Он спал днем, а ночью писал. Форма, которая разбудила его вчера, вернулась и этой ночью. Она была реальна и необычно волновала Штайма не только визуально; он осязал ее, обонял, даже слышал. Но подразнив, она выскальзывала из его возбужденного сознания, оставляя лишь расплывчатое беспомощное ощущение. Он мучился ночь и день, понимая, что картина не удается, он не мог ухватить главного, не мог понять, не мог расслышать. То же самое случилось и на следующую ночь, и на следующее утро.
Потом он отправился к Рицхе, и тот принял его внизу. Держался Август официально и сразу же заявил, что хотя считает эту затею чистейшим безумием, но раз Марк так решил, пускай, в конце концов, это его жизнь и он вправе ею распоряжаться по собственному разумению. Они пошли вдвоем в адвокатскую контору, она находилась недалеко, и по дороге Рицхе осведомился, почему Марк так утомленно выглядит.

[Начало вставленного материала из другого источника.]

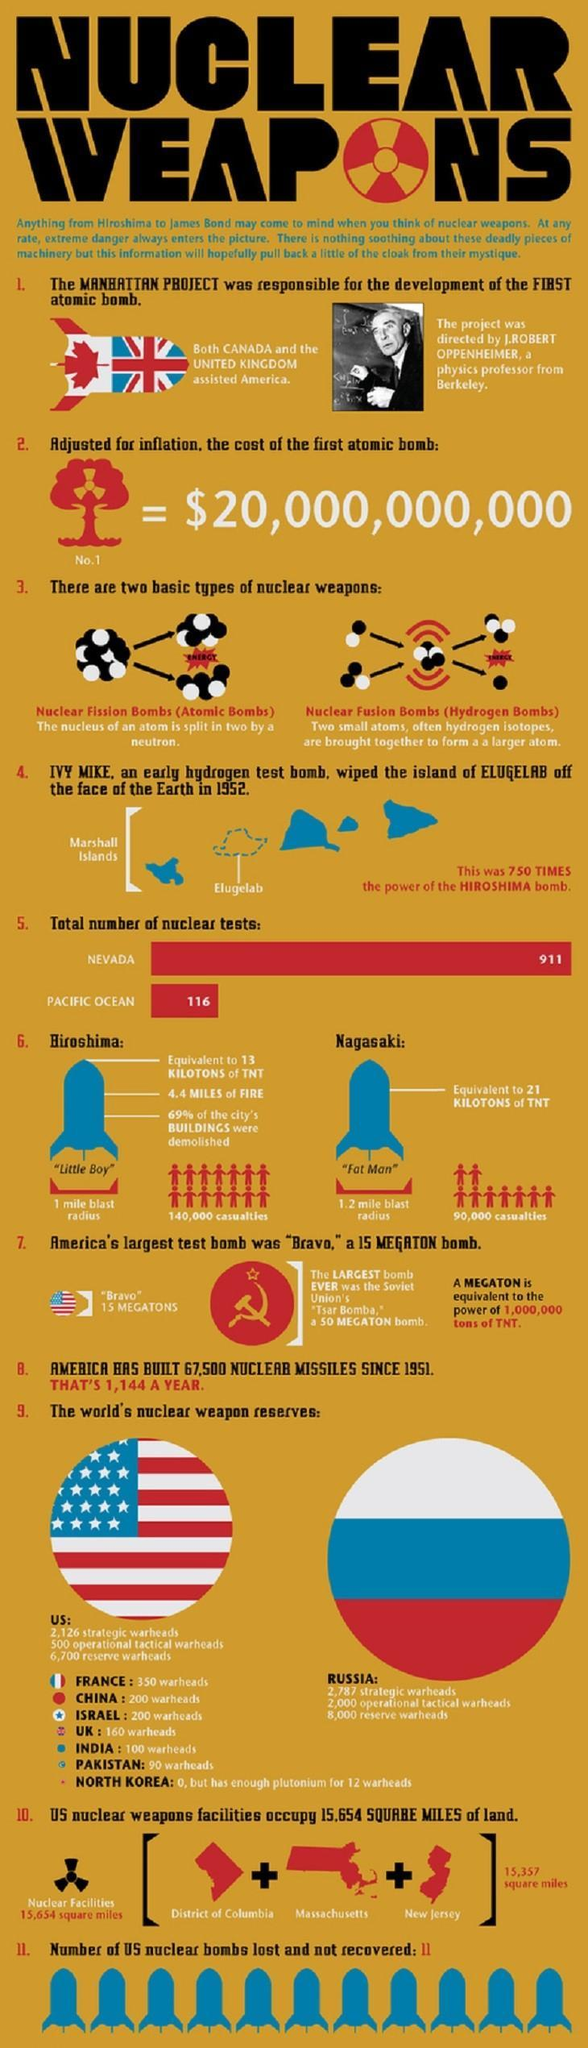Who was in charge of the Manhattan Project?
Answer the question with a short phrase. J.ROBERT OPPENHEIMER Which country has the second-largest number of nuclear weapon reserves in the world? US What is the total number of nuclear tests carried out at Nevada & pacific ocean test sites? 1027 Which country has the largest number of nuclear weapon reserves in the world? RUSSIA How many people were killed by the Hiroshima bomb blast? 140,000 Which is the most powerful nuclear bomb in history? "Tsar Bomba," Which country has the third-largest number of warheads in the world? FRANCE What is the blast radius of Nagasaki bomb? 1.2 mile What is the code name of the atomic bomb dropped on Hiroshima? "Little Boy" What is the code name of the atomic bomb dropped on Nagasaki? "Fat Man"

– Я вас спрашиваю по той причине, – сказал он, – что, если вы передумаете, а я вас заклинаю передумать, мы все сможем аннулировать, я имею в виду все наши договоренности.
Сегодня Штайм слушал рассеяно.
– Да нет, – сказал он, – при чем тут мое решение. Не в нем дело.
– А в чем же? – спросил Август.
– Да картина. Я вижу ее, чувствую, слышу. Она пытается мне что-то сказать, а я бьюсь и не могу расслышать, понимаете, кажется, уже на слуху, уже различаю – а не могу. Черт, первый раз такое.
Они вошли в контору. Формальная часть оказалась утомительной, но в конце концов все было закончено и подписано к взаимному удовольствию адвоката и самого Марка, только Рицхе хранил непроницаемый вид. Выйдя на улицу, Марк протянул ему руку.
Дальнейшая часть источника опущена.